Этот утренний этюд с фиолетовым снегом на заливе и перевернутыми лодочками с красными днищами Меркулову не понравился, хотя и нравился по фактуре, т. е. по объектам, изображенным в нем: маяку, лодкам и лесу. Что было близко ему, как бывшему матросу траулера. Но он не мог бы подписаться под этим, если бы с него потребовали такую подпись, потому как живопись он не понимал — ему лишь казалось так на взгляд: его отталкивала в этюде какая-то конфетность, яркость, которую следовало притушить. Кашин не согласился с ним. Сказал, что нужно лучше знать природу его творчества; художник убеждал, что подчас в живописи этого недостаточно: тогда нужно вовсе забросить ее несчастную. И прежде, чем судить о ней, надо посмотреть внимательней на предмет ее изображения: природа порой своими красками ставит живописца совершенно в тупик.
— Уж насколько я художнически засматриваюсь на нее, да и то поражаюсь иногда какому-то яркому явлению, — сказал Кашин. — Живописность необыкновенная. Да, копировать ее нельзя. Наяву-то был еще фиолетовее снег на заливе, но я испугался его воспроизвести на картине. А потом, посуди: плоская линия горизонта, бело-желтый маяк из алюминия — мартовское беспросветное утро с моросящим дождем, только над горизонтом чуть отбитое небо желтизной — такие краски и создают впечатление конфетности, т. е. детали диктуют такой цвет, мазок кистью. Поставь вместо маяка серо-черный сарай серовский — и все сразу станет на свои места. Но почему ты, Максим, отказываешь мне в эксперименте? Я не должен тебе показывать этюдную вещь… Недоработку, считай…
— Нет, должен, считаю, — упорствовал Меркулов. — А как же ты будешь выслушивать критику? Ведь для зрителя истина дороже всего.
— Но это же этюд, проба; тут я экспериментирую для себя — это не готовая для просмотра вещь. Я не должен ее показывать публике. Это — как фуги Баха. Работа для себя. И я должен и так и сяк писать. Как ты тогда относишься к полотнам импрессионистов? Скажем, к Клодту Мане…
— Мне не показались его картины очень яркими. И Ван-Гог не столь ярок.
— А потом, знаешь, мы смотрим на этюд не оформленный — не в рамке и не на стене, соответственно покрашенной, — а это много значит.
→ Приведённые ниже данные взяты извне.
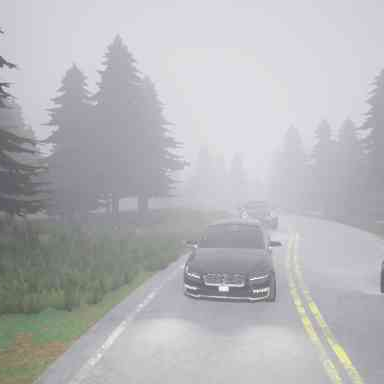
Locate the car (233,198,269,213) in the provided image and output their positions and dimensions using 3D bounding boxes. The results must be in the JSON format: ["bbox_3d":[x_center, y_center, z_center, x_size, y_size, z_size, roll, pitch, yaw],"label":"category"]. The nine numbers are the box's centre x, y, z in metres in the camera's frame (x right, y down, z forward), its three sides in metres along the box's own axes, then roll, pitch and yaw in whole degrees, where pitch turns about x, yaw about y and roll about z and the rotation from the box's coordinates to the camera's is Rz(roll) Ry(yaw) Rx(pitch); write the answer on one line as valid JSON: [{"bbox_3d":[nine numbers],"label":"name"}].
[{"bbox_3d":[6.237,1.410,35.738,1.837,1.490,4.892,2,-1,-16],"label":"car"}]

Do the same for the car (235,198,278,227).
[{"bbox_3d":[3.896,1.270,20.371,2.097,1.767,4.553,-1,0,5],"label":"car"}]

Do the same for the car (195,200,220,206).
[{"bbox_3d":[1.962,1.798,44.867,1.812,1.442,4.674,3,-5,-35],"label":"car"}]

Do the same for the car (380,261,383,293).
[{"bbox_3d":[4.498,1.308,4.647,2.097,1.767,4.553,-1,0,8],"label":"car"}]

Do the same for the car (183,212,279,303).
[{"bbox_3d":[1.099,1.496,8.421,1.837,1.490,4.892,-1,0,13],"label":"car"}]
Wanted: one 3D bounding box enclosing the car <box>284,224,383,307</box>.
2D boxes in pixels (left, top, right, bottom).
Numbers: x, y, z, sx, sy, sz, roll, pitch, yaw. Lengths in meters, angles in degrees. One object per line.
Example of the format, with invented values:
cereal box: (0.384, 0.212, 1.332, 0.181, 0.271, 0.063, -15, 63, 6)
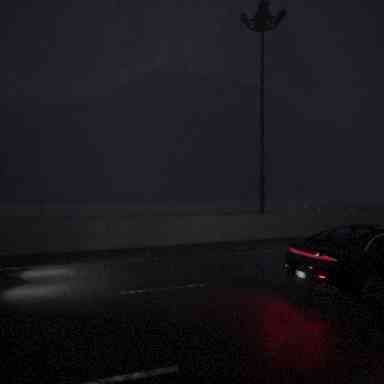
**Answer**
car: (4.549, 1.534, 7.911, 4.902, 1.511, 2.128, 0, 0, -21)
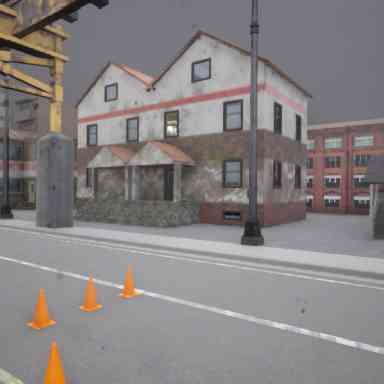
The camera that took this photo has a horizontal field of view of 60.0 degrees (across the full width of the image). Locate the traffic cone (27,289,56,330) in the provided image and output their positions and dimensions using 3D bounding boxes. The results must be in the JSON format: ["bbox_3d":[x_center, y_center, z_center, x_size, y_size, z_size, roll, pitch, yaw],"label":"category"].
[{"bbox_3d":[-2.546,1.949,5.630,0.340,0.580,0.340,0,0,36],"label":"traffic cone"}]

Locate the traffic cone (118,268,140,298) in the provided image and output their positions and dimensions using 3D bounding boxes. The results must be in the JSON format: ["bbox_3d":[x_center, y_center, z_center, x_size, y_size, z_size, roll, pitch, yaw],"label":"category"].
[{"bbox_3d":[-1.375,1.949,7.251,0.340,0.580,0.340,0,0,36],"label":"traffic cone"}]

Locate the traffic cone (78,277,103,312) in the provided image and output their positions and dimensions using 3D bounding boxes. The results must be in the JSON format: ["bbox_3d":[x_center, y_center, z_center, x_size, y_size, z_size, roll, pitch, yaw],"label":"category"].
[{"bbox_3d":[-1.960,1.949,6.441,0.340,0.580,0.340,0,0,36],"label":"traffic cone"}]

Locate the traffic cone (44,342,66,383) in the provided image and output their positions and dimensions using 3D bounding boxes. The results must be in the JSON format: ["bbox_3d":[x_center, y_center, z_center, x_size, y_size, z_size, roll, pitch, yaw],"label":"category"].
[{"bbox_3d":[-1.509,1.952,3.648,0.340,0.580,0.340,0,0,36],"label":"traffic cone"}]
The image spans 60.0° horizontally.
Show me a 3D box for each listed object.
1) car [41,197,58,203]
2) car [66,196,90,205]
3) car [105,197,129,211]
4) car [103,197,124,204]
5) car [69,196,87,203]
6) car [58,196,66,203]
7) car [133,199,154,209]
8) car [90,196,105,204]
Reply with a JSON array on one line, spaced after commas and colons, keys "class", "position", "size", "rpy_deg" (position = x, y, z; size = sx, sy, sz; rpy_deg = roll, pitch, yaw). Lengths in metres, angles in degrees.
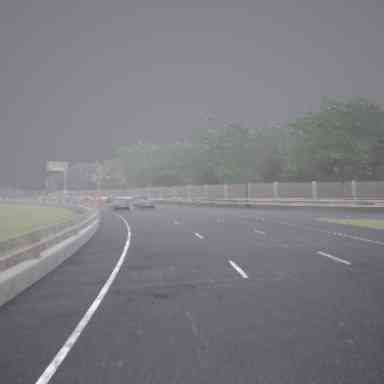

— Антон, я сказал, что я в живописи не разбираюсь шибко, но истина, как говорил Сократ, мне дороже всего. Не ведаю, как полнее сформулировать свою мысль. Вот в литературе — другое дело. Однако и здесь возможен субъективный взгляд: каждый по-своему все понимает.
Они шли с разговором вдоль залива, и Кашин говорил:
— Вот, взгляни, сколь контрастны сосны — черно-черные, угольного цвета (от дождя) стволы и переход к ярко оранжевому верху и ветвям.